Beginning in the Shōwa period, literature about yōkai often explained that they are a yōkai that appear at deserted dilapidated temples or that they are resulting the grudges turned yōkai of a chief priest whose temple became dilapidated from lack of donations from villagers, which would then appear at evenings at the dilapidated temple and ring the bell alone at the deserted temple.

==Analysis==
As it is not clear what Sekien drew here, starting from the Heisei period, several hypotheses have been put forth, and one of them supposes that this is an original creation from Sekien that was made to satirize the Edo Period monks who broke their precepts. In modern times, pictures and tales in a similar mold that depict priests who broke their precepts out of an attachment to greed and lust and thus became yōkai can be often be found, and examples of these can often be found in publications near Sekien's time.

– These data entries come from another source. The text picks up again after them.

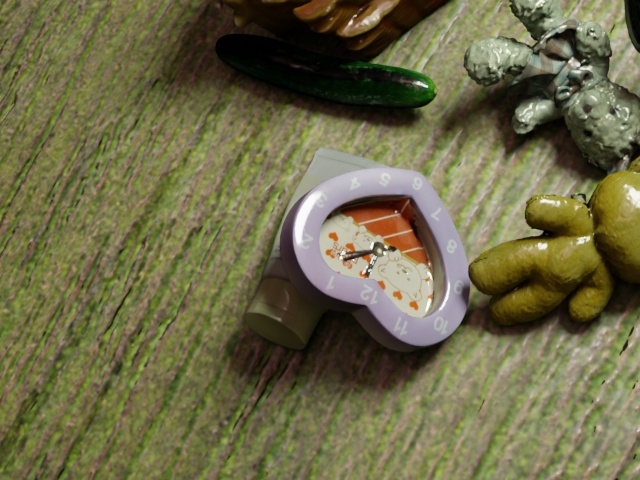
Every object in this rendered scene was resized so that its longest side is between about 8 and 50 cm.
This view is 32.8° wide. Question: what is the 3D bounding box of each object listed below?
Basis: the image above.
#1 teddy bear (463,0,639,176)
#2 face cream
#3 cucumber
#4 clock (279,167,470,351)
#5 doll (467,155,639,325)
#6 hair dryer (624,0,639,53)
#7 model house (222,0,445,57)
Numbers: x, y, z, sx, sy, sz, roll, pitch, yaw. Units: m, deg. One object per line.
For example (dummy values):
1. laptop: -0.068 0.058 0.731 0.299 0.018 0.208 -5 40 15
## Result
1. teddy bear: 0.252 -0.156 1.107 0.213 0.111 0.133 45 114 3
2. face cream: 0.000 0.000 1.125 0.114 0.070 0.224 19 65 21
3. cucumber: -0.003 -0.186 1.203 0.284 0.056 0.056 16 73 24
4. clock: 0.057 0.009 1.069 0.198 0.064 0.172 32 62 -15
5. doll: 0.246 0.006 1.044 0.209 0.097 0.137 -22 102 12
6. hair dryer: 0.399 -0.154 0.961 0.195 0.078 0.248 -11 61 3
7. model house: 0.036 -0.308 1.172 0.229 0.199 0.220 4 81 20

In the writings of the comic artist Mizuki Shigeru, there is a statement about the noderabō that when children would hear the sound of a bell in the mountains despite there being no temple, they were told that "it's because of the noderabō," but actually it was because of the mountain, and a phenomenon like yamabiko had occurred.

Also, in Niiza, Saitama Prefecture, there is a place called "Nodera," and there was once a man who tried to menace the residents of a village, so he tried to steal a nearby famous bell when a traveler happened to pass by, in a panic, he hid himself at a pond, and as a result he lost sight of the bell. This lake came to be called the Kanegabuchi (鐘ヶ渕, "bell abyss"), and it is also said that once a young monk disregarded a task asked for by the chief priest and instead played with the children, and in gloom from feeling unable to meet face-to-face with the priest, went into the pond water, and ever since then, a cry from the pond can be heard every evening. It is also surmised that Sekien could have drawn this yōkai called noderabō based on the place names Nodera and Kanegabuchi.

However, as for what exactly Sekien based this noderabō drawing on, considering the general tendency of all the yōkai included in the Gazu Hyakki Yagyō and the meagerness of the information shown in the drawings, there is very little material that can serve as evidence for any conclusion.